Upon consummation of its acquisition by CoreStates on March 16, 1994,
Constellation Bancorp recorded merger-related charges in the first quarter of
1994 in connection with a change in strategic direction related to problem
assets and to conform consumer lending charge-off policies to those of
CoreStates, and for expenses directly attributable to the acquisition. These
merger-related charges totaled $127.8 million after-tax, or $0.89 per share. On
a pre-tax basis, these merger-related charges consisted of a $120.0 million
provision for loan losses, a $28.0 million addition to the OREO reserve, $13.0
million for the writedown of purchased mortgage servicing rights and related
assets, and $34.0 million for expenses directly attributable to the acquisition
including $8.0 million of severance costs related to approximately 370
employees.
1994 Accounting Change - During the first quarter of 1994, CoreStates
----------------------
recognized a $3.4 million after-tax, or $0.02 per share, impairment loss on
certain mortgage securities as a cumulative effect of a change in accounting
principle. The loss was the result of a writedown to fair value of these
securities, which were deemed to be impaired. This resulted from the Financial
Accounting Standards Board's ("FASB") 1994 interpretation of Statement of
Financial Accounting Standards No. 115 ("FAS 115"). The interpretation,
reached by a consensus of the FASB Emerging Issues Task Force in March 1994,
provides more definitive criteria for recognition of impairment losses on these
types of securities.
Total non-performing assets of $207.8 million or 0.72% of assets at
September 30, 1995 decreased $103.1 million, or 33.2%, from December 31, 1994.

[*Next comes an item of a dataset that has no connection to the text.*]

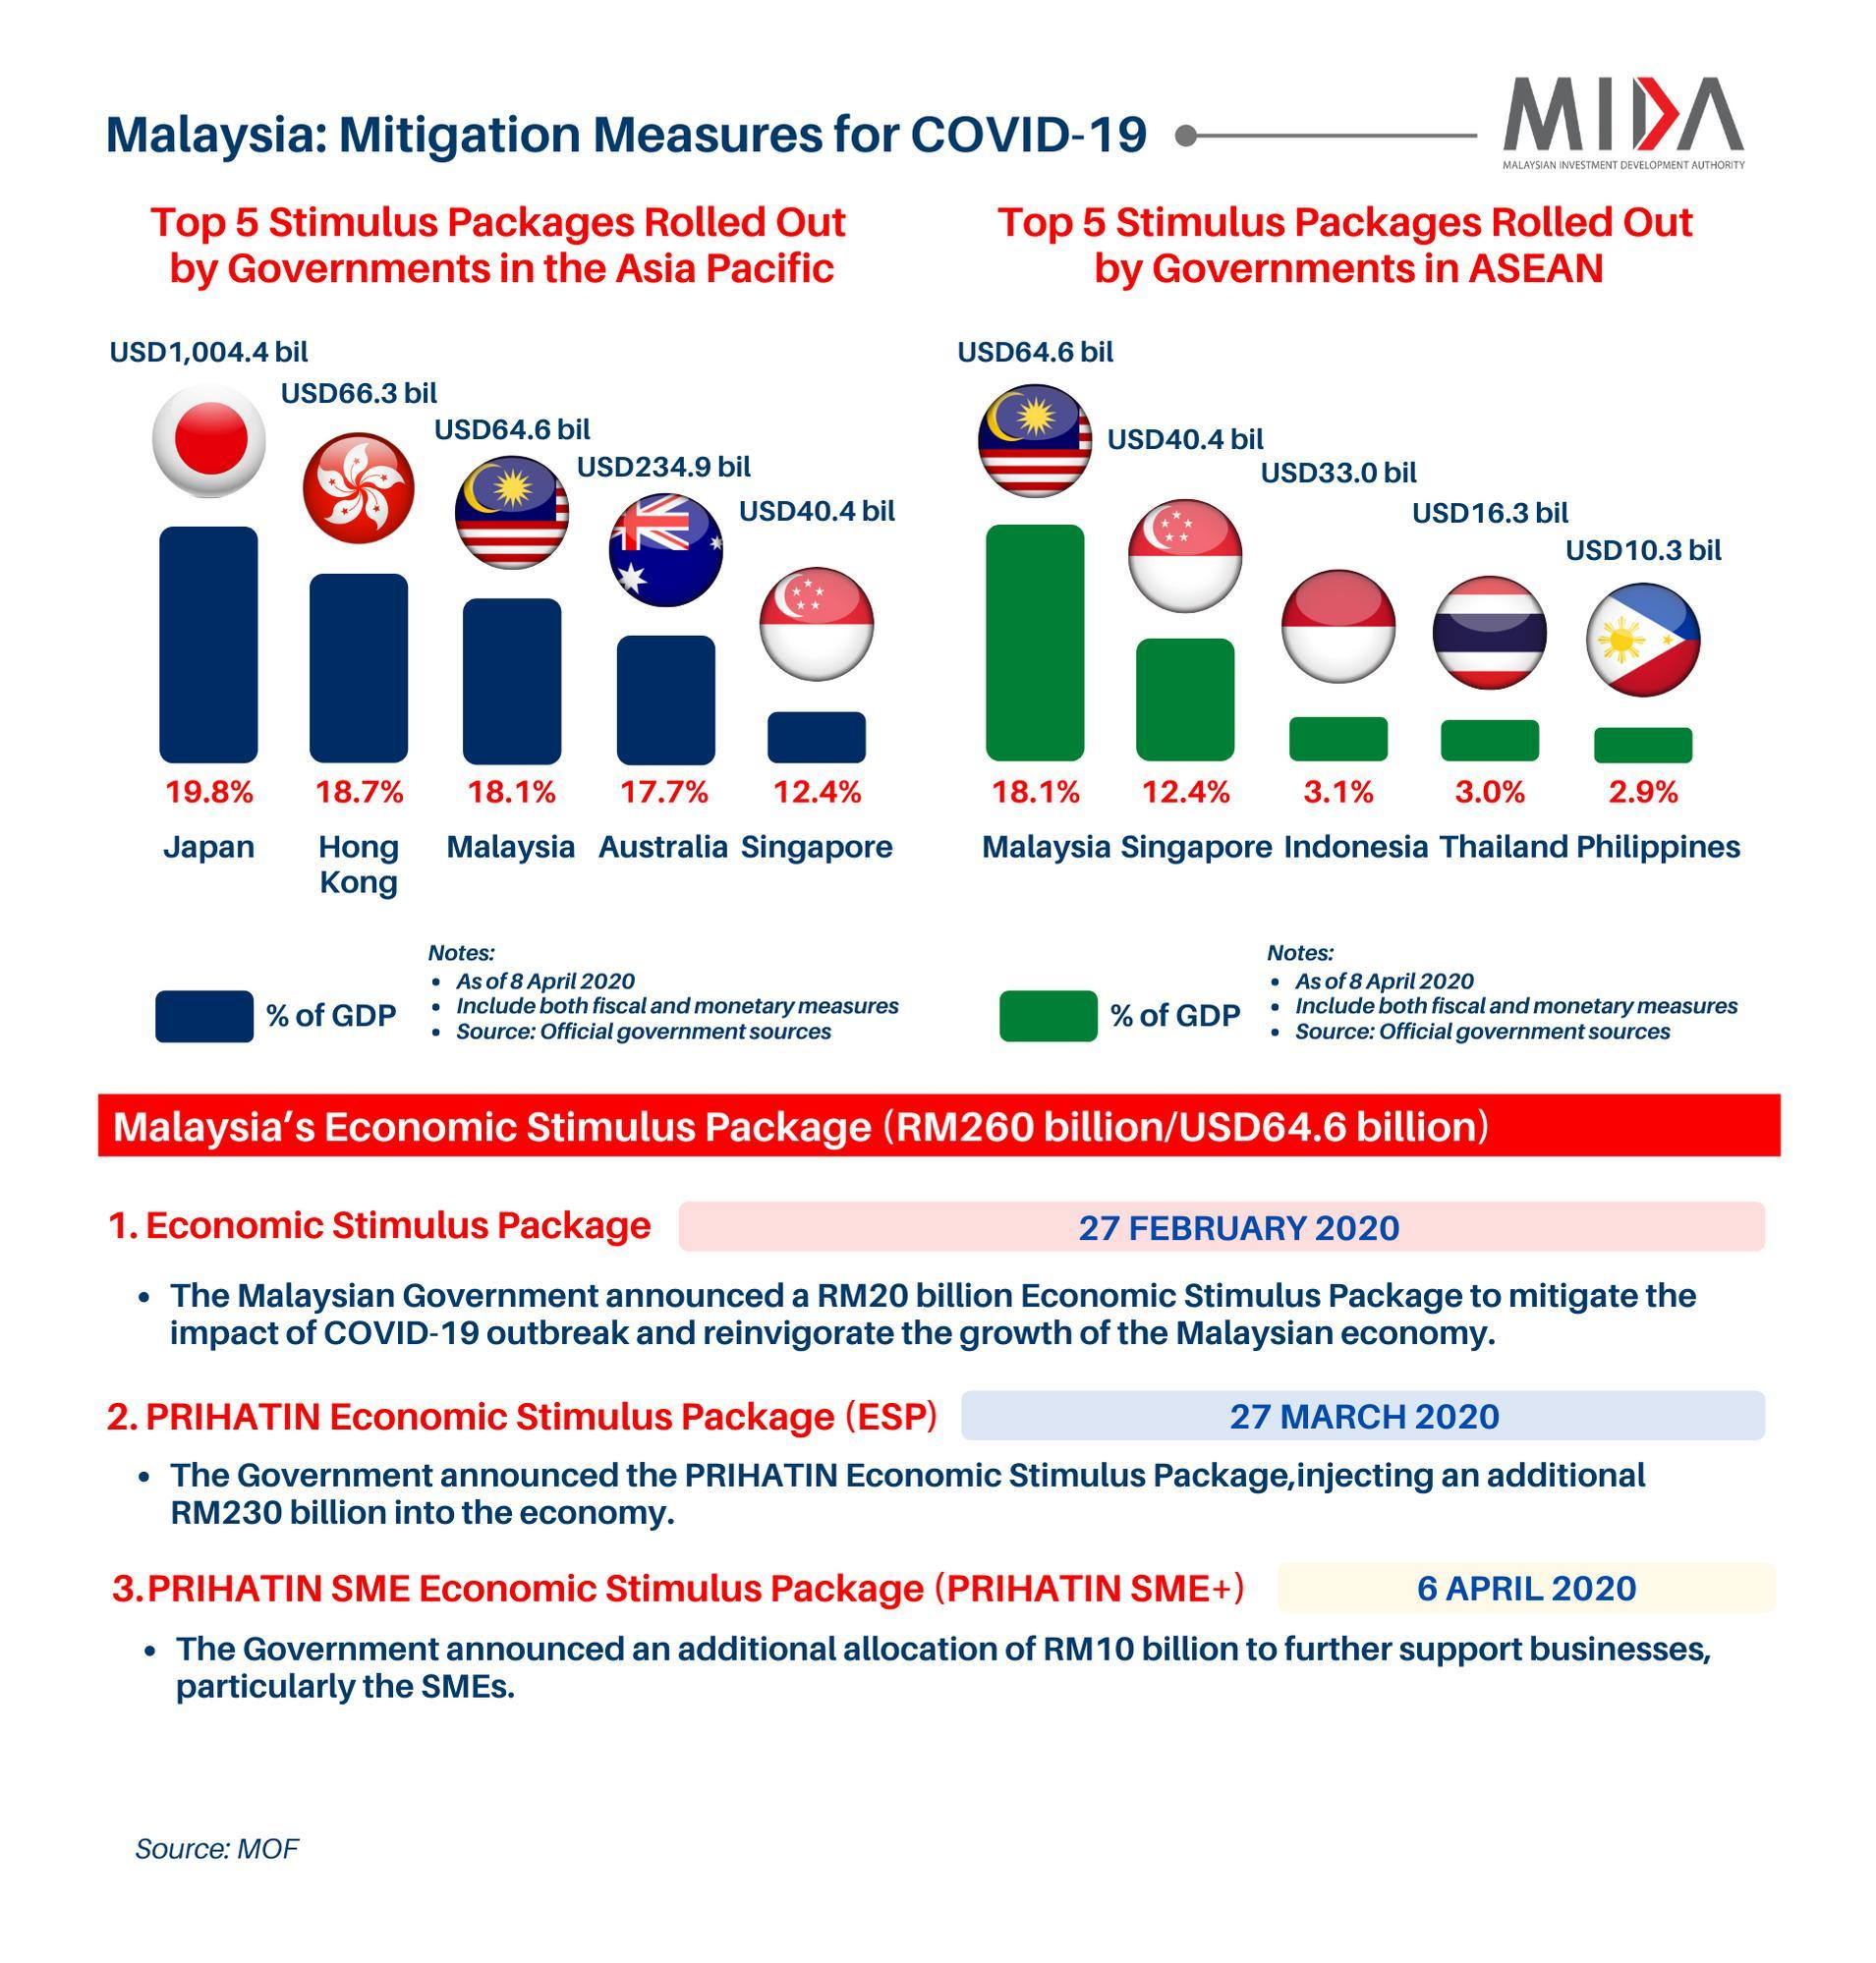Which Asian Government has the third highest stimulus package in terms of GDP?
Answer the question with a short phrase. Malaysia What is the number of Economic packages of Malaysia? 3 Which ASEAN Government has the second lowest stimulus package in terms of GDP? Thailand Which Asian Government has the second highest stimulus package in terms of GDP? Hong Kong How many ASEAN governments has stimulus package less than USD40 bil in terms of GDP? 3 Which ASEAN Government has the third highest stimulus package? Indonesia Which Asian Government has the second lowest stimulus package in terms of GDP? Australia Which ASEAN Government has the second highest stimulus package in terms of GDP? Singapore

The decrease from December 31, 1994 was primarily divided between the
non-performing commercial loan portfolio, which decreased $41.0 million or
47.0%, and the non-performing real estate portfolio which declined by $52.7
million or 27.2%.
The provision for loan losses for the third quarter of 1995 was $27.5
million, up $2.5 million from the prior year third quarter and the 1995 second
quarter provisions. The allowance for loan losses at September 30, 1995 was
$501.4 million, or 2.37% of loans and 300.5% of non-performing loans.
Consolidated total assets at September 30, 1995 were $28.8 billion, down
$0.5 billion from the $29.3 billion at 1994 year-end. The September 30, 1995
tier 1 capital ratio, total capital ratio and tier 1 leverage ratio at 8.1%,
11.8% and 7.4%, respectively, were well in excess of regulatory guidelines.